Dataset items:
- Opening Delimiter -

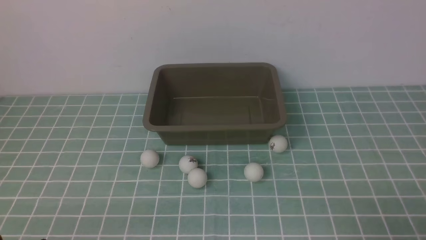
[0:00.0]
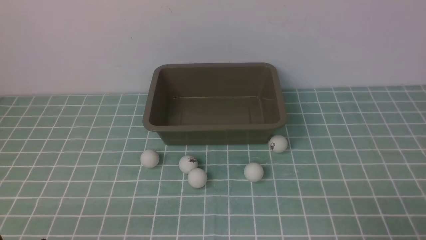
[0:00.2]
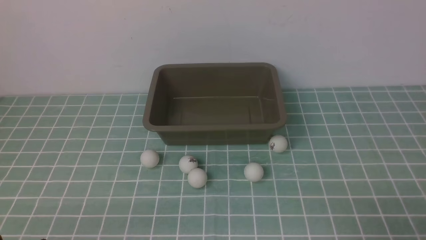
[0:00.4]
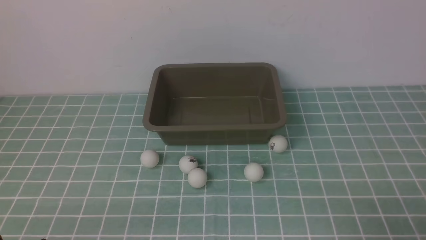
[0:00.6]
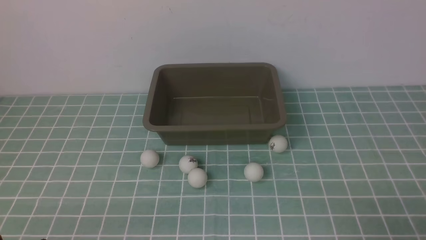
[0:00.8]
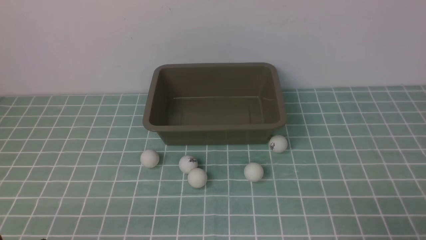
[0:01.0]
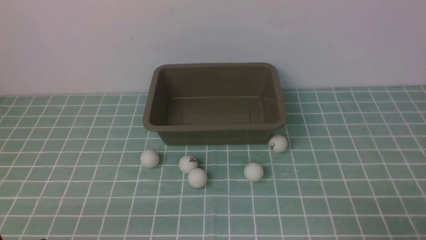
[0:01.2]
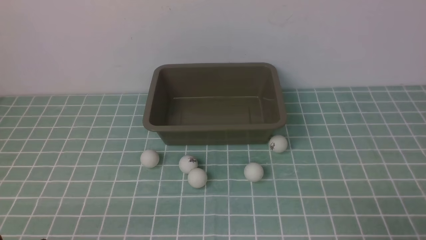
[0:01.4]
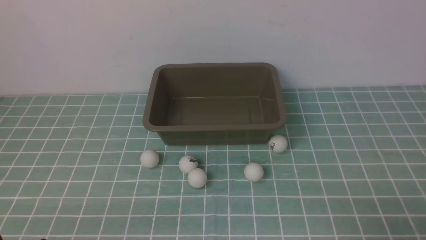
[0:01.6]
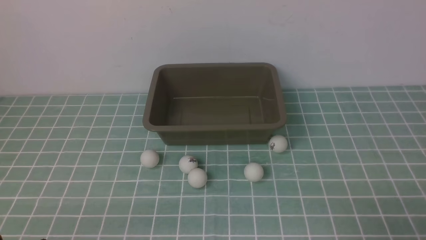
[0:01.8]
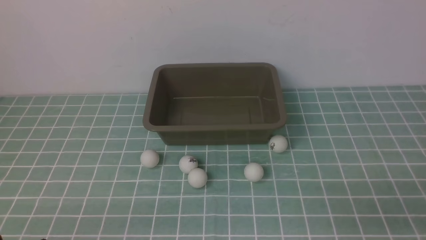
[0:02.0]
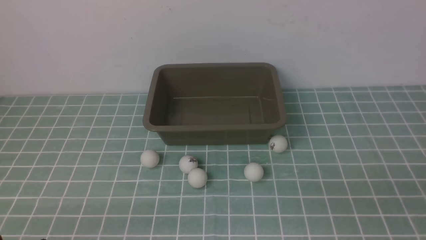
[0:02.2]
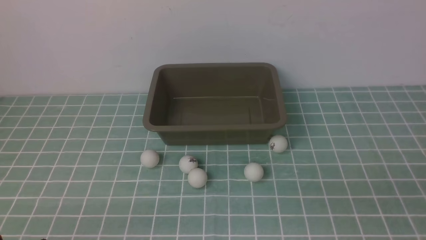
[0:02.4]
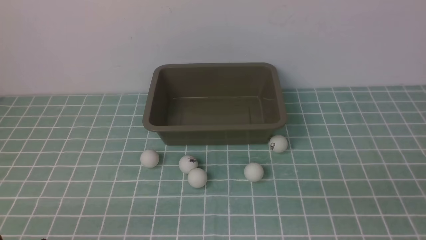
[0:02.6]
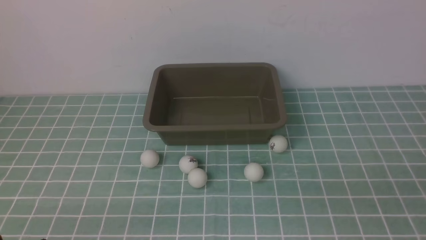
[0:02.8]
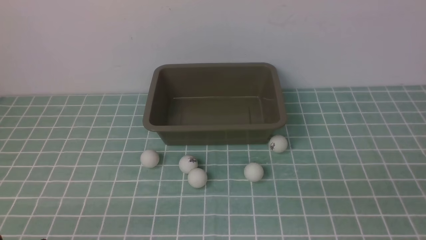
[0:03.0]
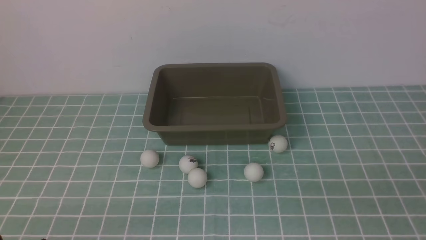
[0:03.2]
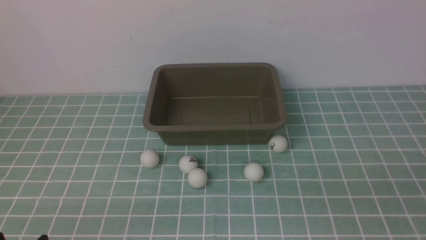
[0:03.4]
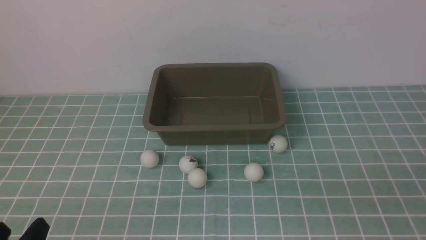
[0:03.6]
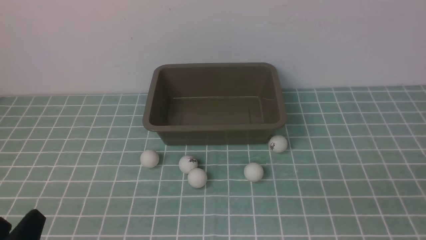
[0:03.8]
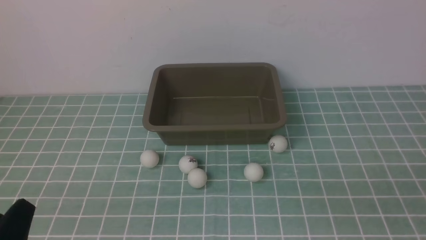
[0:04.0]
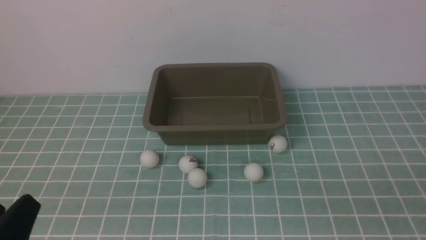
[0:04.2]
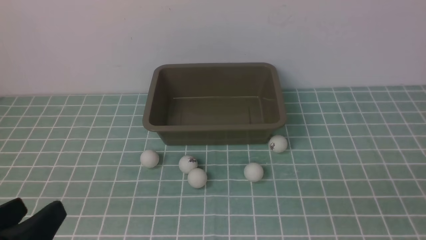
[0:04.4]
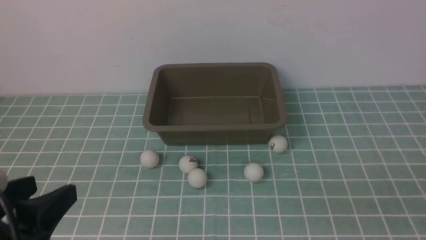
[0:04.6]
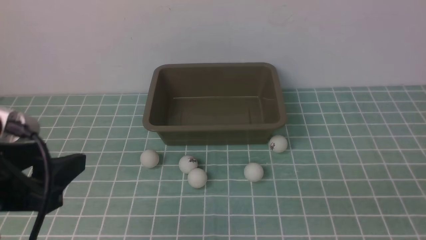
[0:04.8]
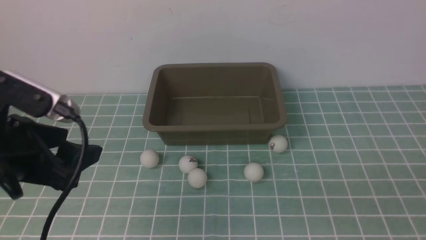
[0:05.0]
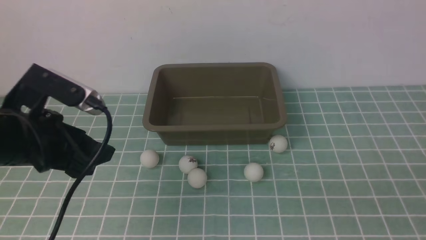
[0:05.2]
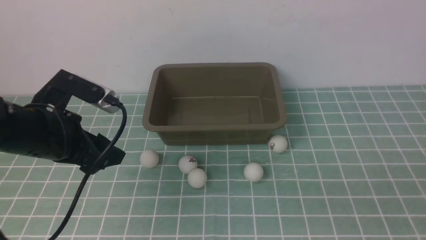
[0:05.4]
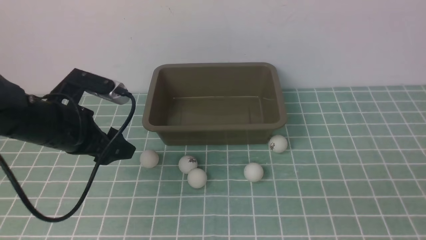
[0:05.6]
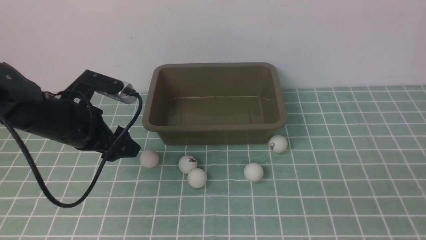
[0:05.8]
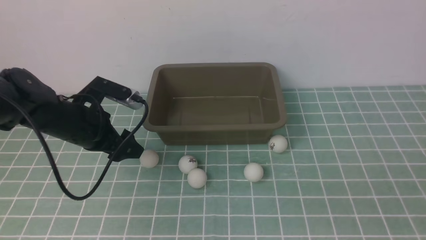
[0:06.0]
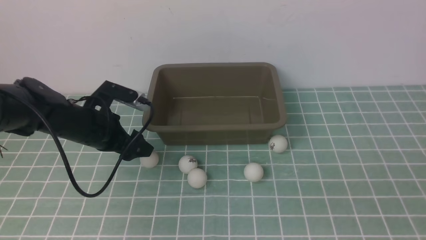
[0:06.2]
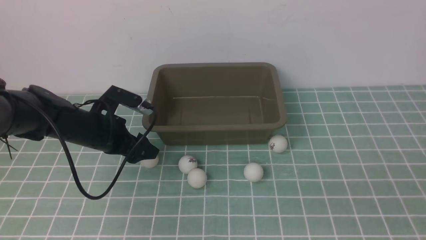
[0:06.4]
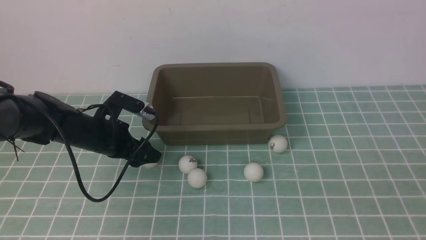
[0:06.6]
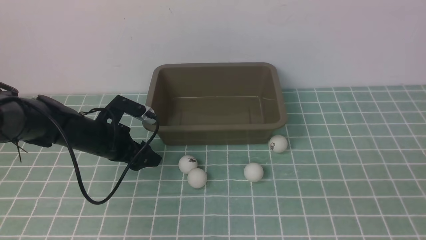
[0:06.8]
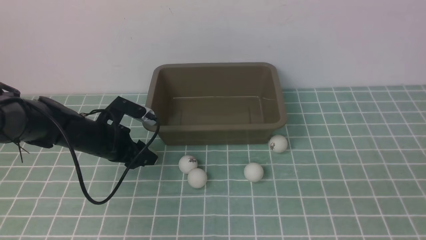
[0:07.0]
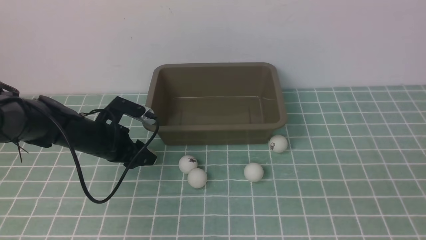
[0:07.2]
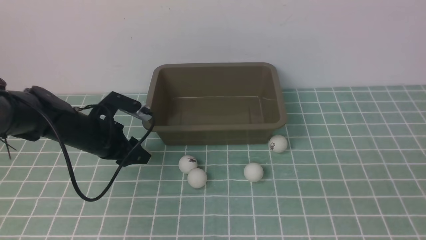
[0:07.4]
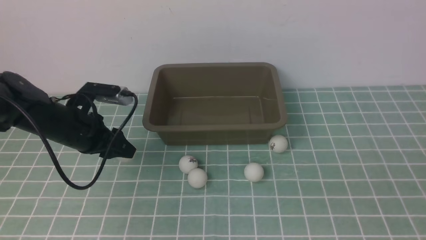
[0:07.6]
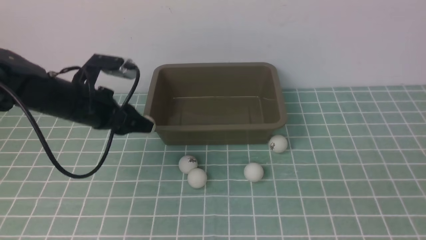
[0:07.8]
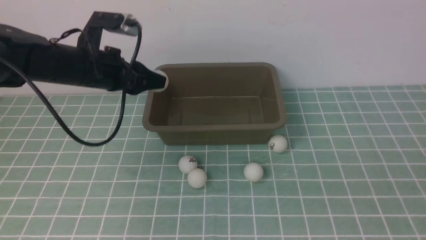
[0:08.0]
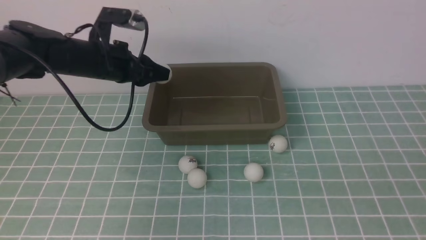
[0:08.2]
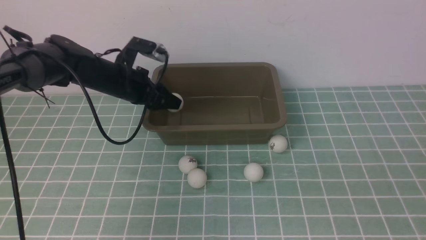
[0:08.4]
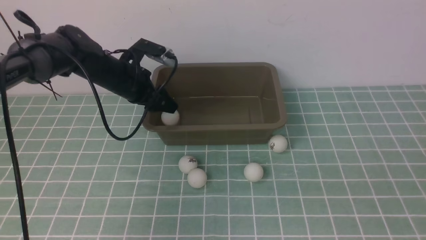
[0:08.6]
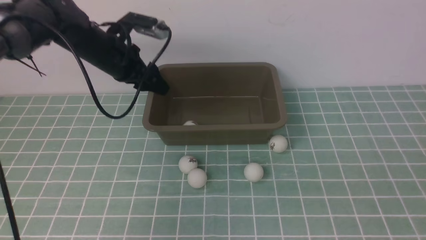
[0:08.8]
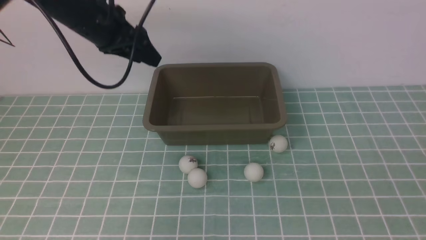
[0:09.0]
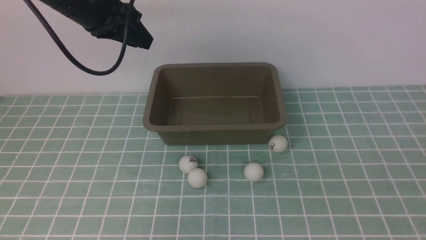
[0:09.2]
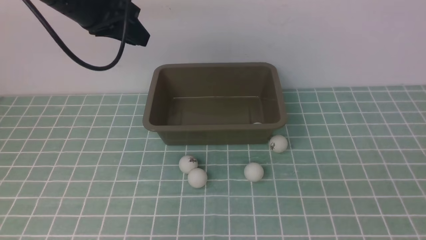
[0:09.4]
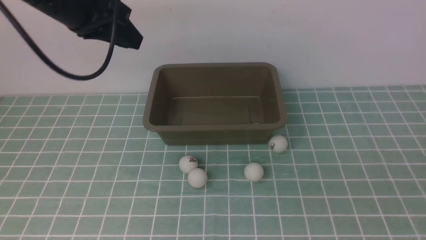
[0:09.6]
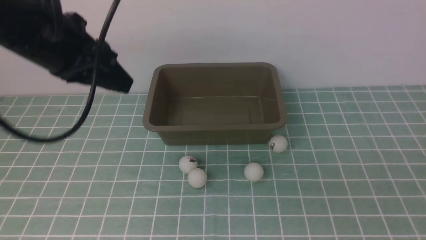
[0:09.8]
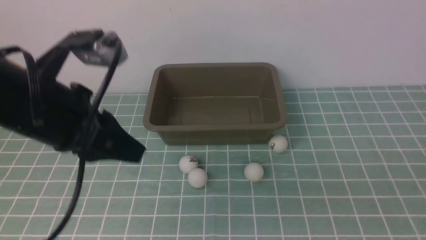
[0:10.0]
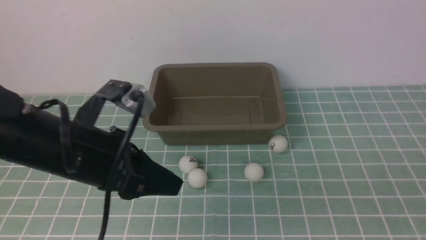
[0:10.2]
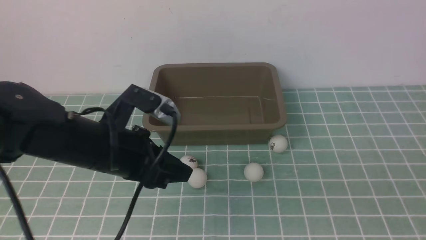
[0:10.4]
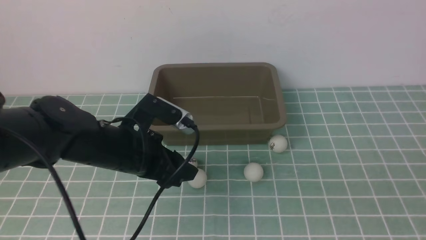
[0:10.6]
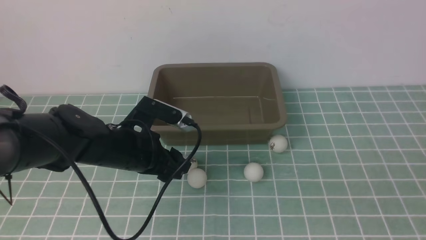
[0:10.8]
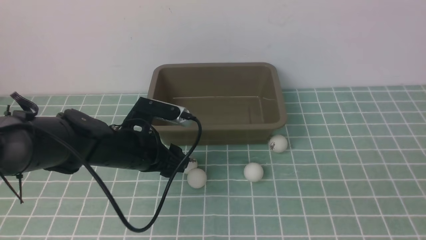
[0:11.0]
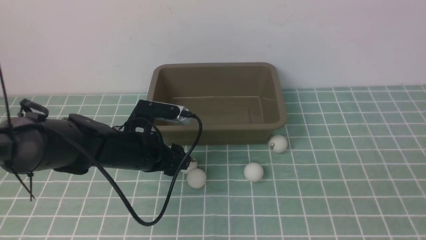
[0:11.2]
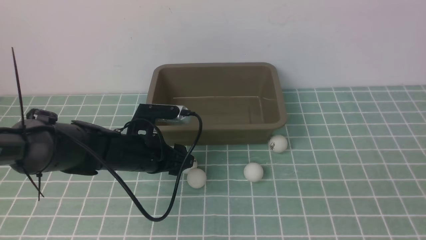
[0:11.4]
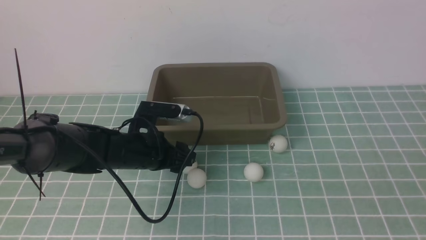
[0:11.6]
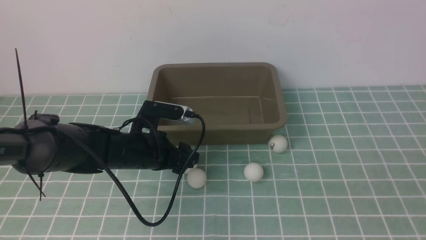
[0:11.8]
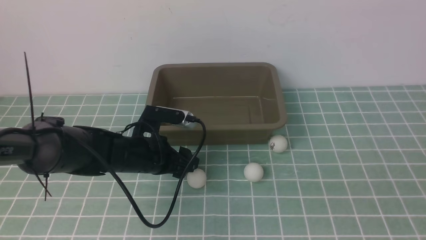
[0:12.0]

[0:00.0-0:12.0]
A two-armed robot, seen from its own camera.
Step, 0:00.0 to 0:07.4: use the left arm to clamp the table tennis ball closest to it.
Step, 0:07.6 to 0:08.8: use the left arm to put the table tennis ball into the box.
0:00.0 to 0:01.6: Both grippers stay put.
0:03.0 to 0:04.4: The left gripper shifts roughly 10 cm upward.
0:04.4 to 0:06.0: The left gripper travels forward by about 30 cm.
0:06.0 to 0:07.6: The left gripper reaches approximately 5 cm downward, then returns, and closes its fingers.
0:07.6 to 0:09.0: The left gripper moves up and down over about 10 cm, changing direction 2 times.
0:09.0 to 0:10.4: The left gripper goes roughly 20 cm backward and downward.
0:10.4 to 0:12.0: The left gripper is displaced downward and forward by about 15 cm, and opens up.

- Closing Delimiter -

**WORK TASK**
Repeat the records word for word. Any picture in them should be left out.

**RESULT FOR THIS EXERCISE**
[0:00.0]
[0:00.2]
[0:00.4]
[0:00.6]
[0:00.8]
[0:01.0]
[0:01.2]
[0:01.4]
[0:01.6]
[0:01.8]
[0:02.0]
[0:02.2]
[0:02.4]
[0:02.6]
[0:02.8]
[0:03.0]
[0:03.2]
[0:03.4]
[0:03.6]
[0:03.8]
[0:04.0]
[0:04.2]
[0:04.4]
[0:04.6]
[0:04.8]
[0:05.0]
[0:05.2]
[0:05.4]
[0:05.6]
[0:05.8]
[0:06.0]
[0:06.2]
[0:06.4]
[0:06.6]
[0:06.8]
[0:07.0]
[0:07.2]
[0:07.4]
[0:07.6]
[0:07.8]
[0:08.0]
[0:08.2]
[0:08.4]
[0:08.6]
[0:08.8]
[0:09.0]
[0:09.2]
[0:09.4]
[0:09.6]
[0:09.8]
[0:10.0]
[0:10.2]
[0:10.4]
[0:10.6]
[0:10.8]
[0:11.0]
[0:11.2]
[0:11.4]
[0:11.6]
[0:11.8]
[0:12.0]

[0:00.0-0:12.0]
A two-armed robot, seen from its own camera.
Step, 0:00.0 to 0:07.4: use the left arm to clamp the table tennis ball closest to it.
Step, 0:07.6 to 0:08.8: use the left arm to put the table tennis ball into the box.
0:00.0 to 0:01.6: Both grippers stay put.
0:03.0 to 0:04.4: The left gripper shifts roughly 10 cm upward.
0:04.4 to 0:06.0: The left gripper travels forward by about 30 cm.
0:06.0 to 0:07.6: The left gripper reaches approximately 5 cm downward, then returns, and closes its fingers.
0:07.6 to 0:09.0: The left gripper moves up and down over about 10 cm, changing direction 2 times.
0:09.0 to 0:10.4: The left gripper goes roughly 20 cm backward and downward.
0:10.4 to 0:12.0: The left gripper is displaced downward and forward by about 15 cm, and opens up.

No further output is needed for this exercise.